EXERCISE:
Output the full listing below exactly; the images stay out.

AVAILABLE DATA:
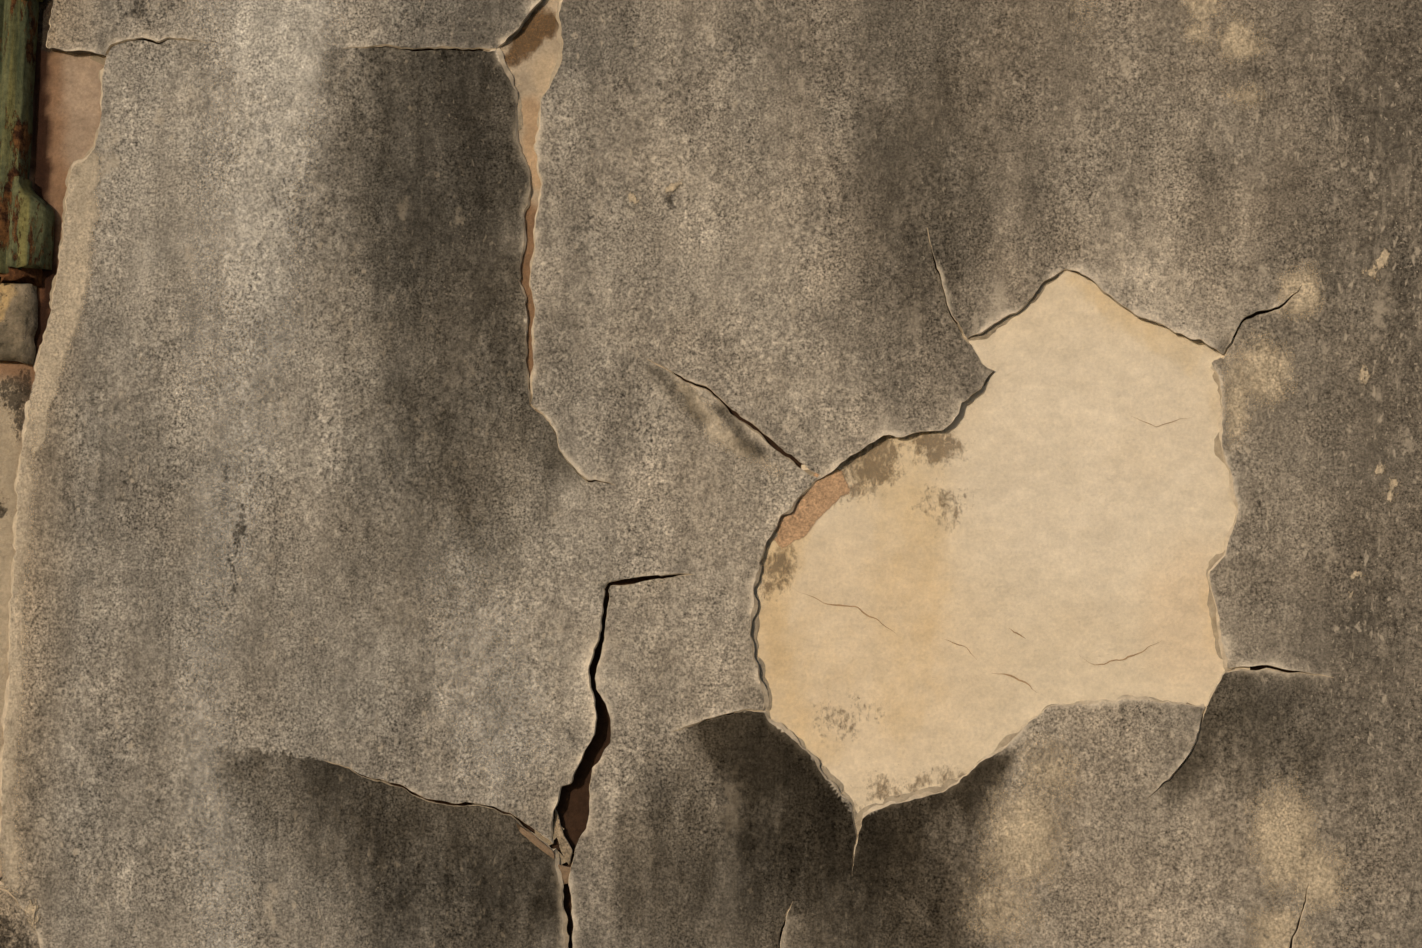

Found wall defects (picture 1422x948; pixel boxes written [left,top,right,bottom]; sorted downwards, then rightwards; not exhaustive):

peeling [481,0,581,412]
crack [645,353,816,480]
leakage [765,550,790,591]
leakage [842,432,961,497]
peeling [724,246,1265,835]
crack [324,557,691,948]
crack [670,689,761,731]
leakage [697,711,1074,948]

EXERCISE OUTPUT:
Found wall defects (picture 1422x948; pixel boxes written [left,top,right,bottom]; sorted downwards, then rightwards; not exhaustive):

peeling [481,0,581,412]
crack [645,353,816,480]
leakage [765,550,790,591]
leakage [842,432,961,497]
peeling [724,246,1265,835]
crack [324,557,691,948]
crack [670,689,761,731]
leakage [697,711,1074,948]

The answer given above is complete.